Je connais ces gens. Je savais comment les regarder, en parler. Et puis… je commençais à vieillir. Knockemstiff a beaucoup changé entre le moment où je suis parti du village (à 17 ans) et celui où je me suis mis à écrire. C’était une communauté à part entière, avec trois magasins, son église, un bar… cinq cents personnes environ. Aujourd’hui, il n’y a plus de boutiques, plus de bar, l’église tient à peine debout… Je ne connais plus personne, sauf mes parents, mon frère et ma sœur. On peut traverser le village en bagnole sans le savoir, les panneaux sont à moitié effacés… Je voulais faire revivre les temps que j’avais connus.

Donald Ray Pollock : « A l’usine, pendant cinq ans, en cachette, je bossais sur mes textes. »

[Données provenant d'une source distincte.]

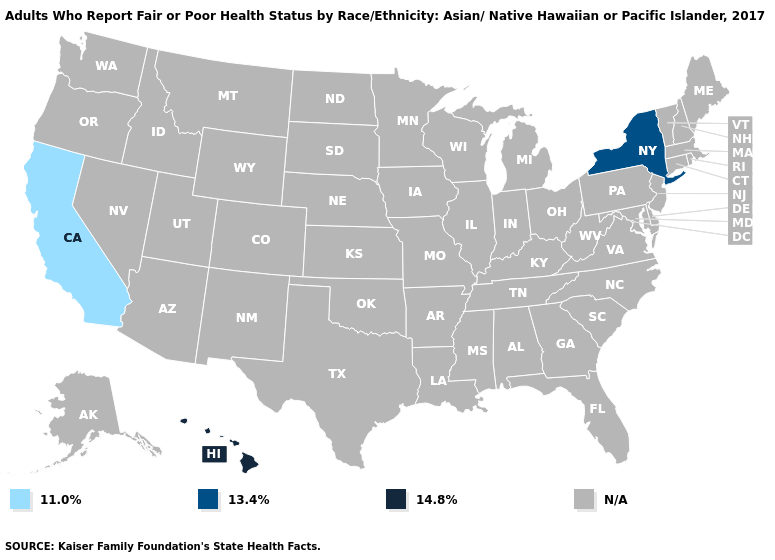What is the value of California?
Short answer required. 11.0%. Name the states that have a value in the range 14.8%?
Short answer required. Hawaii. What is the value of Arkansas?
Write a very short answer. N/A. Is the legend a continuous bar?
Write a very short answer. No. Does the first symbol in the legend represent the smallest category?
Concise answer only. Yes. Name the states that have a value in the range 11.0%?
Be succinct. California. What is the value of Utah?
Quick response, please. N/A. Name the states that have a value in the range 11.0%?
Quick response, please. California. What is the value of California?
Short answer required. 11.0%. What is the value of South Dakota?
Be succinct. N/A.

Seriez-vous l’Alan Lomax de l’Ohio du Sud ?
Pas mal… Graver des lieux, effectuer un travail de mémoire, effectivement un peu comme ce musicologue qui collectait les voix des chanteurs de blues perdus, c’est un peu moi. Mais je ne voulais pas faire un portrait véridique, plutôt compiler le côté obscur de ces histoires. 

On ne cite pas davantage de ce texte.